> **What you are asked to do**
Could you set down the lines from the first line of the entries below through the line with "8) Therefore, the", exactly and with no pictures?
::::::
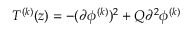Convert formula to latex. <formula><loc_0><loc_0><loc_500><loc_500>T ^ { ( k ) } ( z ) = - ( \partial \phi ^ { ( k ) } ) ^ { 2 } + Q \partial ^ { 2 } \phi ^ { ( k ) }</formula> 
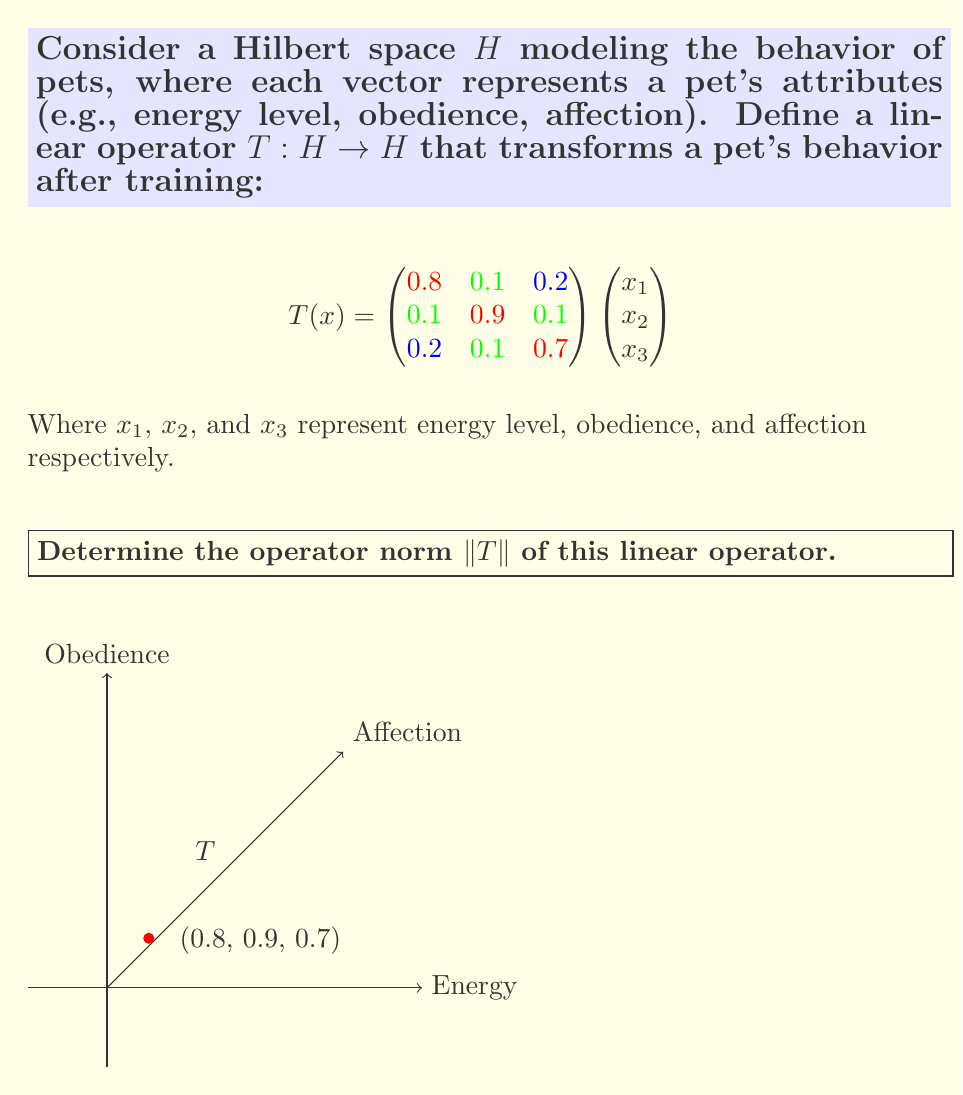Could you help me with this problem? To find the operator norm of $T$, we follow these steps:

1) The operator norm is defined as:
   $$\|T\| = \sup_{x \neq 0} \frac{\|Tx\|}{\|x\|} = \sqrt{\lambda_{\text{max}}}$$
   where $\lambda_{\text{max}}$ is the largest eigenvalue of $T^*T$.

2) First, we need to find $T^*$, the adjoint of $T$. Since $T$ is represented by a real matrix, $T^*$ is simply the transpose of $T$:
   $$T^* = \begin{pmatrix}
   0.8 & 0.1 & 0.2 \\
   0.1 & 0.9 & 0.1 \\
   0.2 & 0.1 & 0.7
   \end{pmatrix}$$

3) Now we compute $T^*T$:
   $$T^*T = \begin{pmatrix}
   0.68 & 0.17 & 0.30 \\
   0.17 & 0.83 & 0.16 \\
   0.30 & 0.16 & 0.54
   \end{pmatrix}$$

4) To find the eigenvalues of $T^*T$, we solve the characteristic equation:
   $$\det(T^*T - \lambda I) = 0$$

5) This gives us the cubic equation:
   $$-\lambda^3 + 2.05\lambda^2 - 1.3975\lambda + 0.3149 = 0$$

6) Solving this equation (using numerical methods or a computer algebra system), we get the eigenvalues:
   $$\lambda_1 \approx 1.0011, \lambda_2 \approx 0.8289, \lambda_3 \approx 0.2200$$

7) The largest eigenvalue is $\lambda_{\text{max}} \approx 1.0011$.

8) Therefore, the operator norm is:
   $$\|T\| = \sqrt{\lambda_{\text{max}}} \approx \sqrt{1.0011} \approx 1.0005$$
Answer: $\|T\| \approx 1.0005$ 
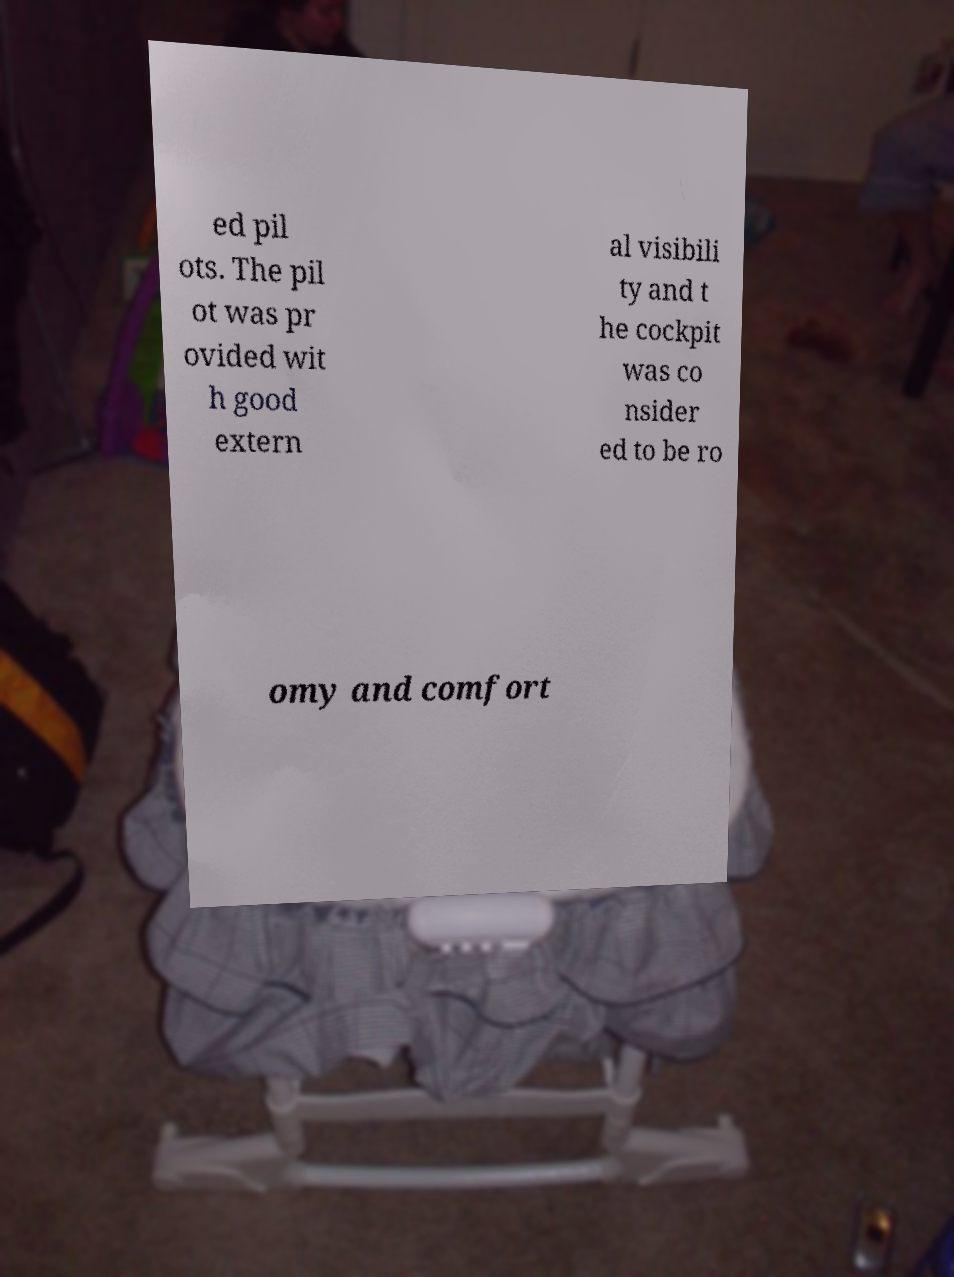Can you accurately transcribe the text from the provided image for me? ed pil ots. The pil ot was pr ovided wit h good extern al visibili ty and t he cockpit was co nsider ed to be ro omy and comfort 
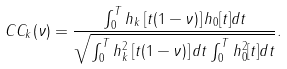Convert formula to latex. <formula><loc_0><loc_0><loc_500><loc_500>C C _ { k } ( \nu ) = \frac { \int _ { 0 } ^ { T } h _ { k } \left [ t ( 1 - \nu ) \right ] h _ { 0 } [ t ] d t } { \sqrt { \int _ { 0 } ^ { T } h _ { k } ^ { 2 } \left [ t ( 1 - \nu ) \right ] d t \int _ { 0 } ^ { T } h _ { 0 } ^ { 2 } [ t ] d t } } .</formula> 
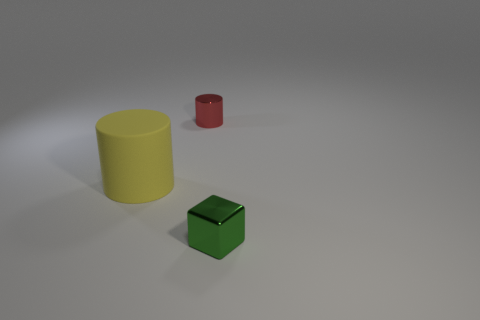Add 3 cyan blocks. How many objects exist? 6 Subtract all cylinders. How many objects are left? 1 Add 1 big cylinders. How many big cylinders exist? 2 Subtract 0 purple balls. How many objects are left? 3 Subtract all big yellow shiny blocks. Subtract all small green metallic blocks. How many objects are left? 2 Add 2 tiny green metal things. How many tiny green metal things are left? 3 
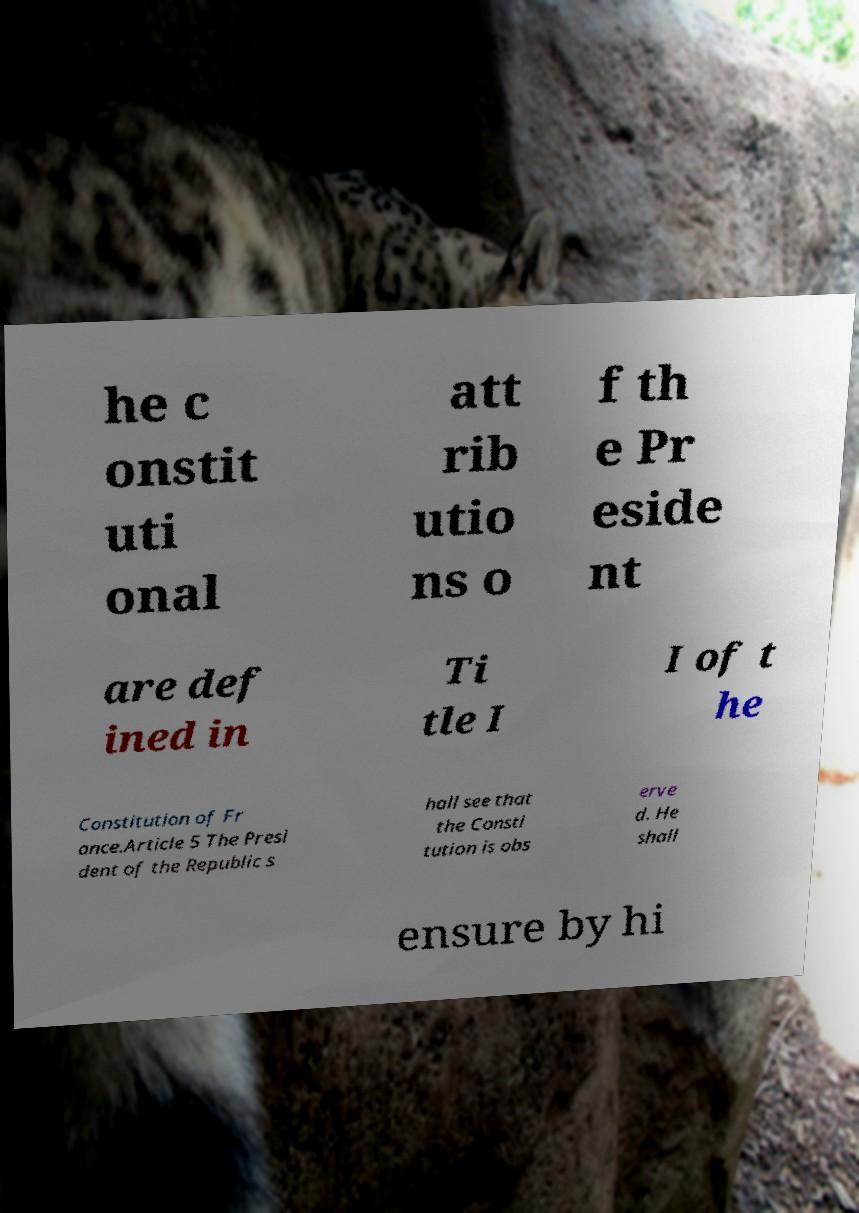For documentation purposes, I need the text within this image transcribed. Could you provide that? he c onstit uti onal att rib utio ns o f th e Pr eside nt are def ined in Ti tle I I of t he Constitution of Fr ance.Article 5 The Presi dent of the Republic s hall see that the Consti tution is obs erve d. He shall ensure by hi 
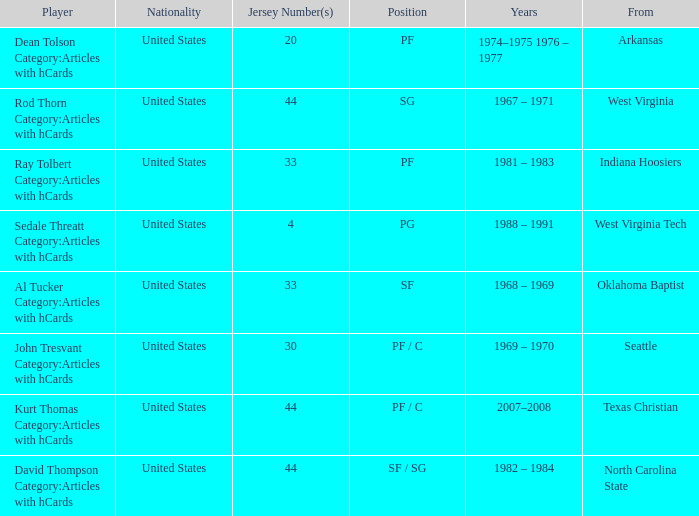Who was the player that was from west virginia tech? Sedale Threatt Category:Articles with hCards. 
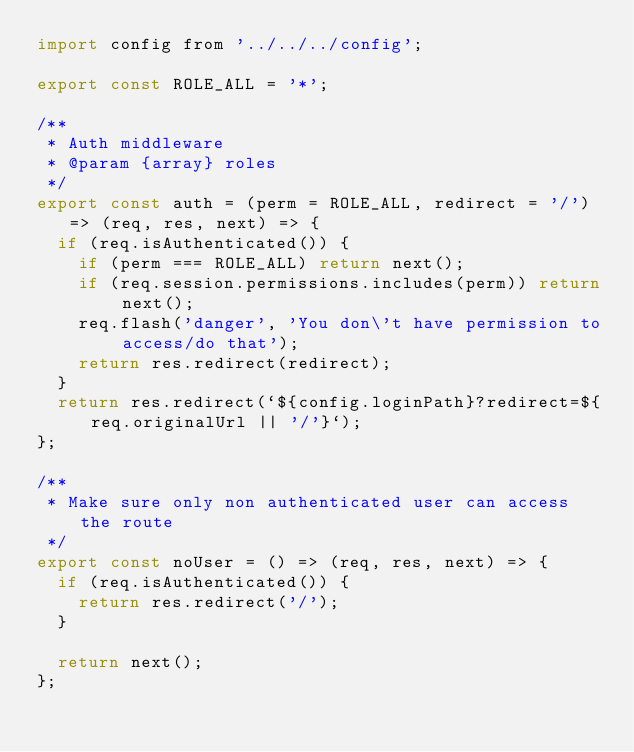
::::::
> **Result**
Convert formula to latex. <formula><loc_0><loc_0><loc_500><loc_500>T ^ { ( k ) } ( z ) = - ( \partial \phi ^ { ( k ) } ) ^ { 2 } + Q \partial ^ { 2 } \phi ^ { ( k ) }</formula> 
Could you help me with this problem? To find the operator norm of $T$, we follow these steps:

1) The operator norm is defined as:
   $$\|T\| = \sup_{x \neq 0} \frac{\|Tx\|}{\|x\|} = \sqrt{\lambda_{\text{max}}}$$
   where $\lambda_{\text{max}}$ is the largest eigenvalue of $T^*T$.

2) First, we need to find $T^*$, the adjoint of $T$. Since $T$ is represented by a real matrix, $T^*$ is simply the transpose of $T$:
   $$T^* = \begin{pmatrix}
   0.8 & 0.1 & 0.2 \\
   0.1 & 0.9 & 0.1 \\
   0.2 & 0.1 & 0.7
   \end{pmatrix}$$

3) Now we compute $T^*T$:
   $$T^*T = \begin{pmatrix}
   0.68 & 0.17 & 0.30 \\
   0.17 & 0.83 & 0.16 \\
   0.30 & 0.16 & 0.54
   \end{pmatrix}$$

4) To find the eigenvalues of $T^*T$, we solve the characteristic equation:
   $$\det(T^*T - \lambda I) = 0$$

5) This gives us the cubic equation:
   $$-\lambda^3 + 2.05\lambda^2 - 1.3975\lambda + 0.3149 = 0$$

6) Solving this equation (using numerical methods or a computer algebra system), we get the eigenvalues:
   $$\lambda_1 \approx 1.0011, \lambda_2 \approx 0.8289, \lambda_3 \approx 0.2200$$

7) The largest eigenvalue is $\lambda_{\text{max}} \approx 1.0011$.

8) Therefore, the operator norm is:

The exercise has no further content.